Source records
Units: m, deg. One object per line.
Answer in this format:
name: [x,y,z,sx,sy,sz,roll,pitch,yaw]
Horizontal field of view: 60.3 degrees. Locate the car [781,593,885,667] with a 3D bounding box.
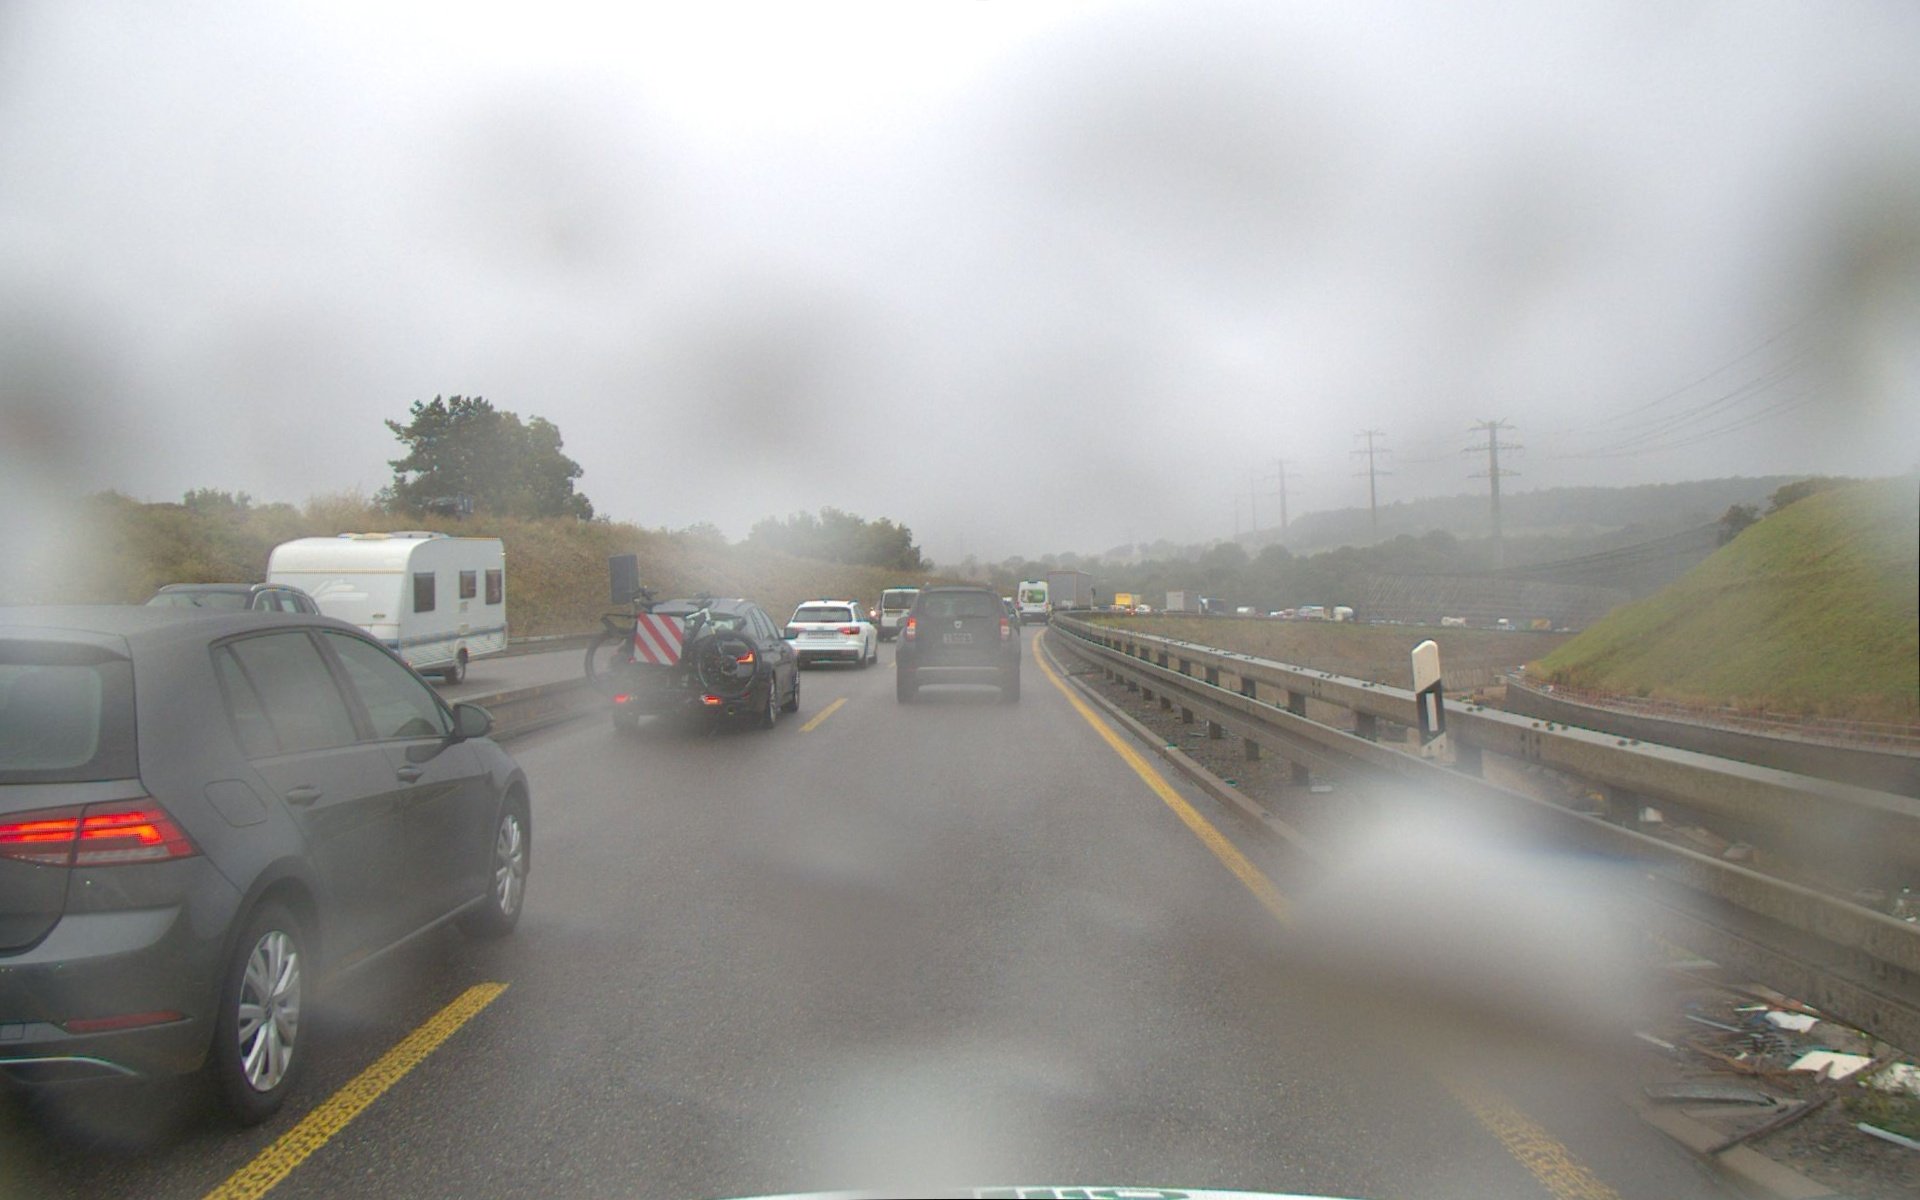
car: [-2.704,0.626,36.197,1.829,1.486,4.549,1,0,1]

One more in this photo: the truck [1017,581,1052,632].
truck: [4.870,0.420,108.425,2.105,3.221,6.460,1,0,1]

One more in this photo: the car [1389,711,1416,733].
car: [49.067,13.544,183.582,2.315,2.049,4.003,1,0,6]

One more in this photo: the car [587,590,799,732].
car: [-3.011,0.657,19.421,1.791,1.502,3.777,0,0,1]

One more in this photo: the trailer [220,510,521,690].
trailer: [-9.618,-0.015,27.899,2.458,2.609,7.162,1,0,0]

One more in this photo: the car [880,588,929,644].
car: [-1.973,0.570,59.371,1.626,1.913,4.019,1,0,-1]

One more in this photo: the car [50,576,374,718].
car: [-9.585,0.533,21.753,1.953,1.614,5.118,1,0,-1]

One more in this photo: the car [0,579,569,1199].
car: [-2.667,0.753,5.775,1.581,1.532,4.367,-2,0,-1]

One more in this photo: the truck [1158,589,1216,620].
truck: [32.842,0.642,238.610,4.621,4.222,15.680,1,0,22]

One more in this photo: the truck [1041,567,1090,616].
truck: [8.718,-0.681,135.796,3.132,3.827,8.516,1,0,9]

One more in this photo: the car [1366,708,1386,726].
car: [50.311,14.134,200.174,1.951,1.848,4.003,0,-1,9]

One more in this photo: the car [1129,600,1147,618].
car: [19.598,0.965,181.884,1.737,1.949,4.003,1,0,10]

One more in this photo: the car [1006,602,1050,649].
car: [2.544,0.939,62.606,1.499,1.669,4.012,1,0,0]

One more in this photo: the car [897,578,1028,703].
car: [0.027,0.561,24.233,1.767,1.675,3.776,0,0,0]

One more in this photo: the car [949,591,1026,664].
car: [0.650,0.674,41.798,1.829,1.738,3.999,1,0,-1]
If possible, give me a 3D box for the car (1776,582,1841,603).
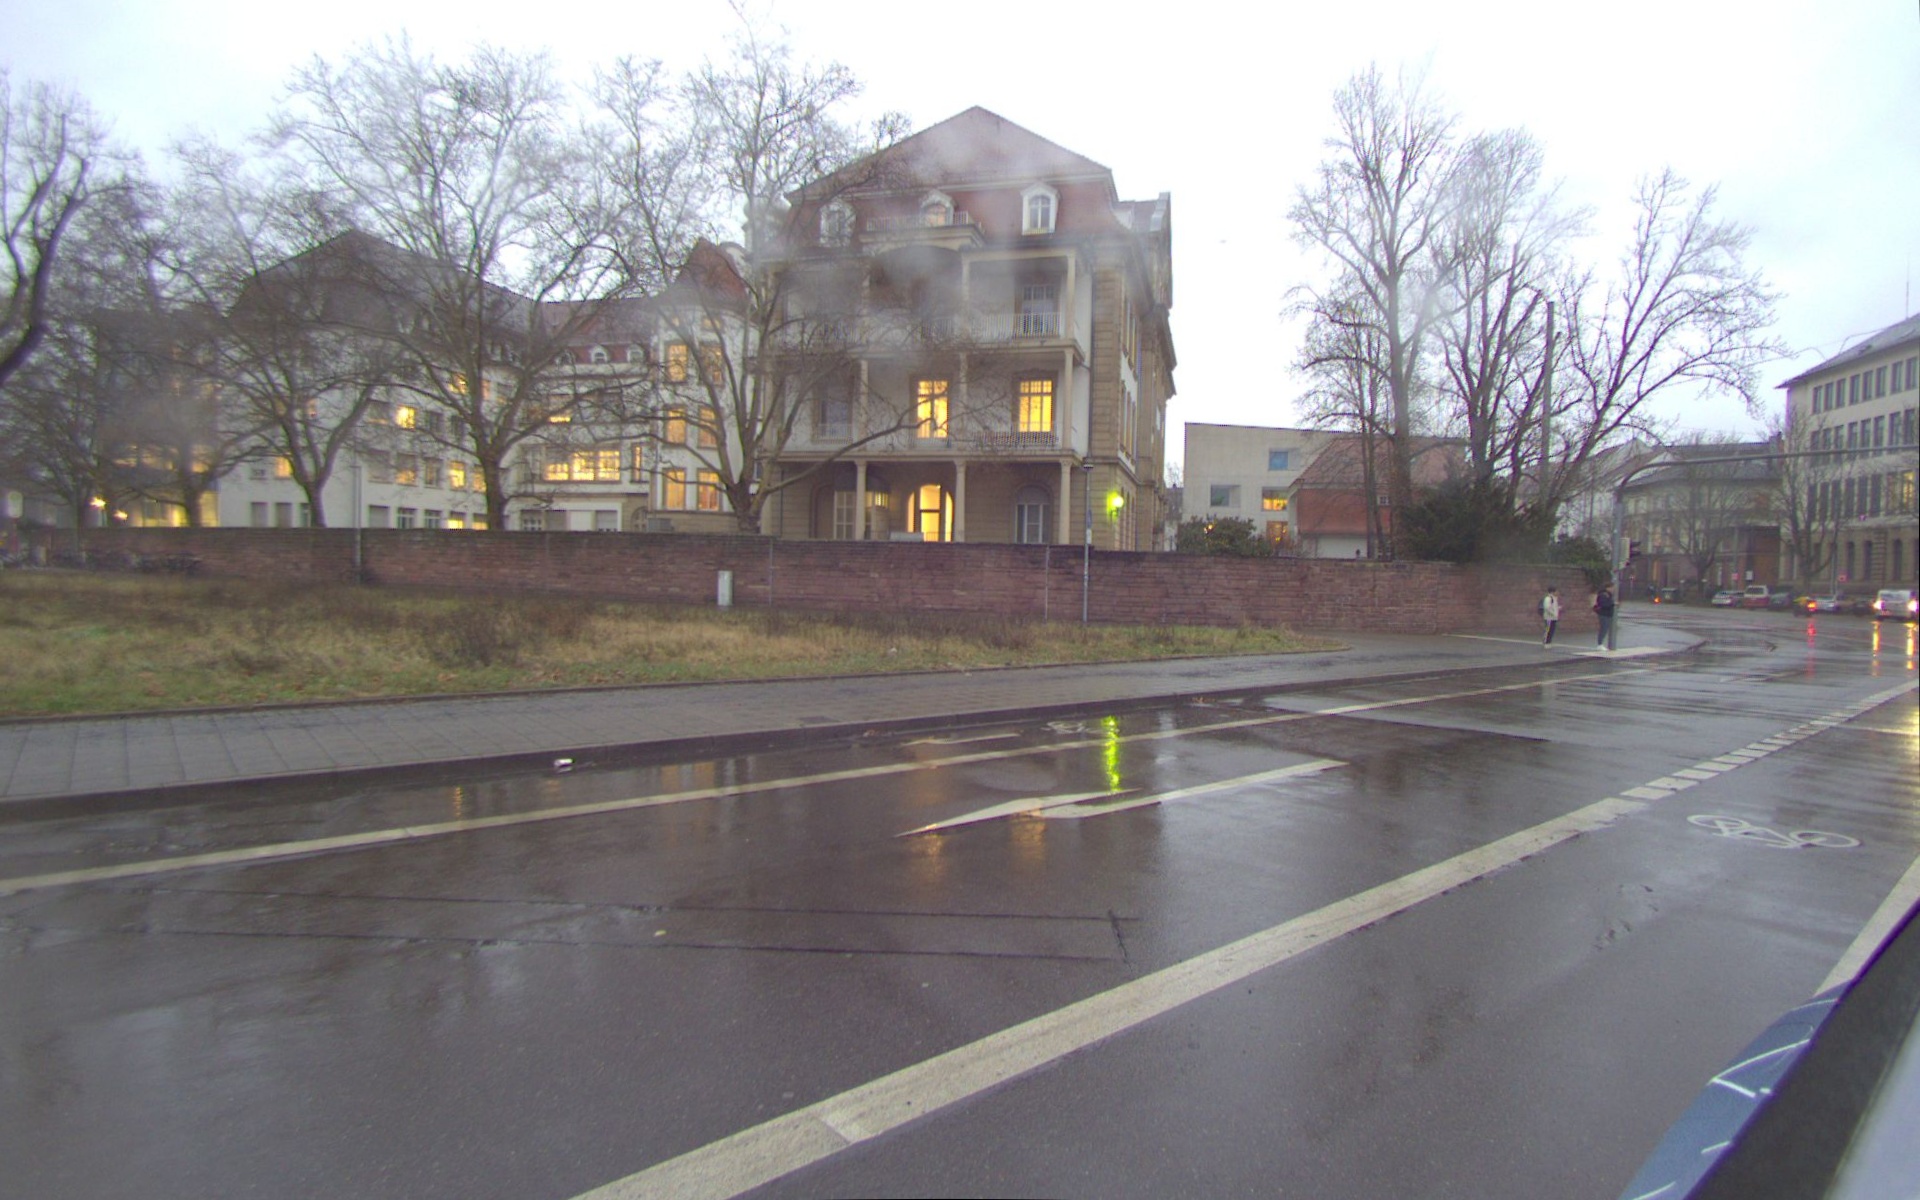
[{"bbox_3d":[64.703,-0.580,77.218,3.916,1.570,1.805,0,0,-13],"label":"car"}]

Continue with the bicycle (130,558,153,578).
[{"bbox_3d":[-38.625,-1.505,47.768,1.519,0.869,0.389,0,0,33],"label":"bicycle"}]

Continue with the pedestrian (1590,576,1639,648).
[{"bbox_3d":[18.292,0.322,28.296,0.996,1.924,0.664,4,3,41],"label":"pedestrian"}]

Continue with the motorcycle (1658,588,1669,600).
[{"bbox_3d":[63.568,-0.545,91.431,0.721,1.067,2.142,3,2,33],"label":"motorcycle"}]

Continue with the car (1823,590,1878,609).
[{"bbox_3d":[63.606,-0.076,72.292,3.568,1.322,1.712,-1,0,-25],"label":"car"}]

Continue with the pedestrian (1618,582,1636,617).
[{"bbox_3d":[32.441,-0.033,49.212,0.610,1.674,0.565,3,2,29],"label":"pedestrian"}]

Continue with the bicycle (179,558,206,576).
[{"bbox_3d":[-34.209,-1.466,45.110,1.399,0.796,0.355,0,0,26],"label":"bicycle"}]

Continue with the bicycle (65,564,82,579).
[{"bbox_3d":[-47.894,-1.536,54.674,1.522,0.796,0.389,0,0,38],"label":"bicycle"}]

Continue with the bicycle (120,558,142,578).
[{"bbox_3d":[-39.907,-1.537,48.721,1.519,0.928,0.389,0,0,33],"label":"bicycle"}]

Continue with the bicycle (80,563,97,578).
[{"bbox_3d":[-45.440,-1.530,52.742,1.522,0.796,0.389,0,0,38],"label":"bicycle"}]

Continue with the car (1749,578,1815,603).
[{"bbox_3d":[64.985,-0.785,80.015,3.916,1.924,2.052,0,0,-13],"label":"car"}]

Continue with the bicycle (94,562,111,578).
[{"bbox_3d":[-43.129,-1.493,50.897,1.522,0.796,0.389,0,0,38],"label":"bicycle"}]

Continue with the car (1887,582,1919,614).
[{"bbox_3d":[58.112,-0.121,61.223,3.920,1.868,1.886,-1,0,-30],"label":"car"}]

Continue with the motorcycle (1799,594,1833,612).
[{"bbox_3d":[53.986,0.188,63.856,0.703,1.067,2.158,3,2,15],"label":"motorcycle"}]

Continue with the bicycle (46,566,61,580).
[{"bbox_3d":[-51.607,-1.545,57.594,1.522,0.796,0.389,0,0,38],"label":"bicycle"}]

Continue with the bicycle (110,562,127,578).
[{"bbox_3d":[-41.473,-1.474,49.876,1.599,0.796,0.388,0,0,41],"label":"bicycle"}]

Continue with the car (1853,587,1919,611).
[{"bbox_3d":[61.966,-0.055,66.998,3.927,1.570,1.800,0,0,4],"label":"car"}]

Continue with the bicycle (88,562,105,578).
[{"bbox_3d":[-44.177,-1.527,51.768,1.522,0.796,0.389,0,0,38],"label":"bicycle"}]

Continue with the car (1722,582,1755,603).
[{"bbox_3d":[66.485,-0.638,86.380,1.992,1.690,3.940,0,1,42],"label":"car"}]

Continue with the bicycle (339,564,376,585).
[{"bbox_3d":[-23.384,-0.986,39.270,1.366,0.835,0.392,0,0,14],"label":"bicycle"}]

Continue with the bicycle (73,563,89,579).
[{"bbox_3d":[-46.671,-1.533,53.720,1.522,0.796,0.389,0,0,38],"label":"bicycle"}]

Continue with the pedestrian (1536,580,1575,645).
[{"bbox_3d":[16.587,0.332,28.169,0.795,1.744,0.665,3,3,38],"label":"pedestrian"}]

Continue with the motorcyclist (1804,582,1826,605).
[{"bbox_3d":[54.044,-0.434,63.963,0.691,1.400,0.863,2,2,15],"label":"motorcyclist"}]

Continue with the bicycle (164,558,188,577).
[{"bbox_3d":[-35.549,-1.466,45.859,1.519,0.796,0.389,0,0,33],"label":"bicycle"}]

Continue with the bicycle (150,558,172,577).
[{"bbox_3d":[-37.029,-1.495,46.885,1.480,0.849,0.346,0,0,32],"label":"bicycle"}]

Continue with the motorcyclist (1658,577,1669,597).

> _TASK GOAL_
Send back the entries above exactly. Skip the images.

> _TASK SOLUTION_
Units: m, deg. One object per line.
Answer in this format:
name: [x,y,z,sx,sy,sz,roll,pitch,yaw]
Horizontal field of view: 60.3 degrees. Locate the car [781,593,885,667] with a 3D bounding box.
car: [-2.704,0.626,36.197,1.829,1.486,4.549,1,0,1]

One more in this photo: the truck [1017,581,1052,632].
truck: [4.870,0.420,108.425,2.105,3.221,6.460,1,0,1]

One more in this photo: the car [1389,711,1416,733].
car: [49.067,13.544,183.582,2.315,2.049,4.003,1,0,6]

One more in this photo: the car [587,590,799,732].
car: [-3.011,0.657,19.421,1.791,1.502,3.777,0,0,1]

One more in this photo: the trailer [220,510,521,690].
trailer: [-9.618,-0.015,27.899,2.458,2.609,7.162,1,0,0]

One more in this photo: the car [880,588,929,644].
car: [-1.973,0.570,59.371,1.626,1.913,4.019,1,0,-1]

One more in this photo: the car [50,576,374,718].
car: [-9.585,0.533,21.753,1.953,1.614,5.118,1,0,-1]

One more in this photo: the car [0,579,569,1199].
car: [-2.667,0.753,5.775,1.581,1.532,4.367,-2,0,-1]

One more in this photo: the truck [1158,589,1216,620].
truck: [32.842,0.642,238.610,4.621,4.222,15.680,1,0,22]

One more in this photo: the truck [1041,567,1090,616].
truck: [8.718,-0.681,135.796,3.132,3.827,8.516,1,0,9]

One more in this photo: the car [1366,708,1386,726].
car: [50.311,14.134,200.174,1.951,1.848,4.003,0,-1,9]

One more in this photo: the car [1129,600,1147,618].
car: [19.598,0.965,181.884,1.737,1.949,4.003,1,0,10]

One more in this photo: the car [1006,602,1050,649].
car: [2.544,0.939,62.606,1.499,1.669,4.012,1,0,0]

One more in this photo: the car [897,578,1028,703].
car: [0.027,0.561,24.233,1.767,1.675,3.776,0,0,0]

One more in this photo: the car [949,591,1026,664].
car: [0.650,0.674,41.798,1.829,1.738,3.999,1,0,-1]
If possible, give me a 3D box for the car (1776,582,1841,603).
[{"bbox_3d":[64.703,-0.580,77.218,3.916,1.570,1.805,0,0,-13],"label":"car"}]

Continue with the bicycle (130,558,153,578).
[{"bbox_3d":[-38.625,-1.505,47.768,1.519,0.869,0.389,0,0,33],"label":"bicycle"}]

Continue with the pedestrian (1590,576,1639,648).
[{"bbox_3d":[18.292,0.322,28.296,0.996,1.924,0.664,4,3,41],"label":"pedestrian"}]

Continue with the motorcycle (1658,588,1669,600).
[{"bbox_3d":[63.568,-0.545,91.431,0.721,1.067,2.142,3,2,33],"label":"motorcycle"}]

Continue with the car (1823,590,1878,609).
[{"bbox_3d":[63.606,-0.076,72.292,3.568,1.322,1.712,-1,0,-25],"label":"car"}]

Continue with the pedestrian (1618,582,1636,617).
[{"bbox_3d":[32.441,-0.033,49.212,0.610,1.674,0.565,3,2,29],"label":"pedestrian"}]

Continue with the bicycle (179,558,206,576).
[{"bbox_3d":[-34.209,-1.466,45.110,1.399,0.796,0.355,0,0,26],"label":"bicycle"}]

Continue with the bicycle (65,564,82,579).
[{"bbox_3d":[-47.894,-1.536,54.674,1.522,0.796,0.389,0,0,38],"label":"bicycle"}]

Continue with the bicycle (120,558,142,578).
[{"bbox_3d":[-39.907,-1.537,48.721,1.519,0.928,0.389,0,0,33],"label":"bicycle"}]

Continue with the bicycle (80,563,97,578).
[{"bbox_3d":[-45.440,-1.530,52.742,1.522,0.796,0.389,0,0,38],"label":"bicycle"}]

Continue with the car (1749,578,1815,603).
[{"bbox_3d":[64.985,-0.785,80.015,3.916,1.924,2.052,0,0,-13],"label":"car"}]

Continue with the bicycle (94,562,111,578).
[{"bbox_3d":[-43.129,-1.493,50.897,1.522,0.796,0.389,0,0,38],"label":"bicycle"}]

Continue with the car (1887,582,1919,614).
[{"bbox_3d":[58.112,-0.121,61.223,3.920,1.868,1.886,-1,0,-30],"label":"car"}]

Continue with the motorcycle (1799,594,1833,612).
[{"bbox_3d":[53.986,0.188,63.856,0.703,1.067,2.158,3,2,15],"label":"motorcycle"}]

Continue with the bicycle (46,566,61,580).
[{"bbox_3d":[-51.607,-1.545,57.594,1.522,0.796,0.389,0,0,38],"label":"bicycle"}]

Continue with the bicycle (110,562,127,578).
[{"bbox_3d":[-41.473,-1.474,49.876,1.599,0.796,0.388,0,0,41],"label":"bicycle"}]

Continue with the car (1853,587,1919,611).
[{"bbox_3d":[61.966,-0.055,66.998,3.927,1.570,1.800,0,0,4],"label":"car"}]

Continue with the bicycle (88,562,105,578).
[{"bbox_3d":[-44.177,-1.527,51.768,1.522,0.796,0.389,0,0,38],"label":"bicycle"}]

Continue with the car (1722,582,1755,603).
[{"bbox_3d":[66.485,-0.638,86.380,1.992,1.690,3.940,0,1,42],"label":"car"}]

Continue with the bicycle (339,564,376,585).
[{"bbox_3d":[-23.384,-0.986,39.270,1.366,0.835,0.392,0,0,14],"label":"bicycle"}]

Continue with the bicycle (73,563,89,579).
[{"bbox_3d":[-46.671,-1.533,53.720,1.522,0.796,0.389,0,0,38],"label":"bicycle"}]

Continue with the pedestrian (1536,580,1575,645).
[{"bbox_3d":[16.587,0.332,28.169,0.795,1.744,0.665,3,3,38],"label":"pedestrian"}]

Continue with the motorcyclist (1804,582,1826,605).
[{"bbox_3d":[54.044,-0.434,63.963,0.691,1.400,0.863,2,2,15],"label":"motorcyclist"}]

Continue with the bicycle (164,558,188,577).
[{"bbox_3d":[-35.549,-1.466,45.859,1.519,0.796,0.389,0,0,33],"label":"bicycle"}]

Continue with the bicycle (150,558,172,577).
[{"bbox_3d":[-37.029,-1.495,46.885,1.480,0.849,0.346,0,0,32],"label":"bicycle"}]

Continue with the motorcyclist (1658,577,1669,597).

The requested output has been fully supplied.